Reaching invisible students: white working-class boys

Digital technologies can help bridge the gap between universities and disenfranchised social groups, says Kathy Johnson

August 24, 2019
Teenage boy with his hood up against a white brick wall
Source: iStock

University leaders greeting their newest batch of fresh-faced students in a few weeks will be very conscious that their efforts to increase diversity have so far failed one social group.

A report from the National Education Opportunity Network (NEON) released earlier this year found that the white working class are the group least likely to go to university, after the Traveller community. More than half of UK universities have a student population in which the proportion of white people from low-income families is less than 5 per cent.

The government’s social mobility report echoed these grim statistics; only 5 per cent of disadvantaged young people enrol at the most selective universities, compared with the national average of 12 per cent.

Even if they do get in, the working-class cohort struggle to stay: 8.8 per cent of them drop out before graduating, compared with 6.3 per cent of their peers from better-off families. The numbers of part-time students from lower-income backgrounds has fallen by a whopping 42 per cent over the past six years.

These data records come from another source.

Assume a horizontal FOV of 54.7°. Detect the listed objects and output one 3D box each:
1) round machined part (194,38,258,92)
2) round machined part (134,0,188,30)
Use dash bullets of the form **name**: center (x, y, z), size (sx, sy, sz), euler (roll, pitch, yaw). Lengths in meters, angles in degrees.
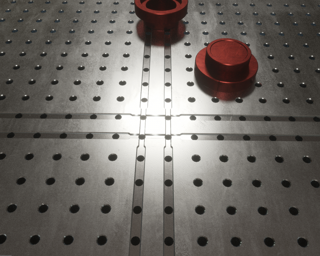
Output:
- **round machined part**: center (0.105, -0.104, 0.485), size (0.099, 0.042, 0.098), euler (0, 50, 0)
- **round machined part**: center (0.002, -0.221, 0.582), size (0.099, 0.042, 0.098), euler (0, 50, 0)

Boys, it seems, perceive this sense of exclusion even more acutely than girls. Anne-Marie Canning, director of social mobility and student success at King’s College London, refers to white working-class boys as “the most under-represented group in higher education”.

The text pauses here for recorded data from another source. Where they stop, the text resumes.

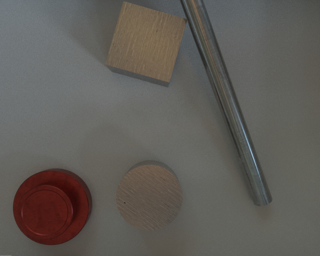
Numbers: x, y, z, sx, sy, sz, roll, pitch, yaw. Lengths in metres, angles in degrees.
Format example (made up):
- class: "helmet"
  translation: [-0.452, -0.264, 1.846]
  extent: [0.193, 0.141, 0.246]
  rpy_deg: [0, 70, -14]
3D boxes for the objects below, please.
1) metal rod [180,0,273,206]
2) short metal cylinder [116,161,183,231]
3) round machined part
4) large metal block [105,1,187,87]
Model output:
- class: "metal rod"
  translation: [0.082, -0.038, 0.386]
  extent: [0.025, 0.025, 0.299]
  rpy_deg: [-22, 101, 0]
- class: "short metal cylinder"
  translation: [-0.013, 0.084, 0.399]
  extent: [0.081, 0.050, 0.079]
  rpy_deg: [0, 90, -1]
- class: "round machined part"
  translation: [-0.142, 0.104, 0.401]
  extent: [0.099, 0.042, 0.097]
  rpy_deg: [0, 90, -1]
- class: "large metal block"
  translation: [-0.016, -0.104, 0.399]
  extent: [0.080, 0.050, 0.080]
  rpy_deg: [16, 90, -1]

Last year, a TV documentary fronted by the rapper Professor Green, laid the problem bare – teenage boys from low-income families regard education as something to be escaped from, rather than an opportunity.

The government has set the university community some clear recommendations to encourage better representation from working-class young people – including actively promoting the variety of financial support packages available to students.

This makes sense, of course. But what I found encouraging was that the recommendations went on to specifically mention that ways should be found to do this in a user-friendly and digitally smart way. Our work in this area has shown us the potential for digital technology to significantly encourage better student inclusivity, via a combination of effective information delivery and reducing psychosocial barriers to entry.

One of the key barriers for young white working-class men is their lack of confidence that university life is for them. With accents, clothing and lifestyles that may be very different from their more affluent peers, it is hard for them to imagine themselves fitting in. But we know that the confidence of young people grows when they can see and talk to “people like me” – current students and even graduates who come from a background similar to their own.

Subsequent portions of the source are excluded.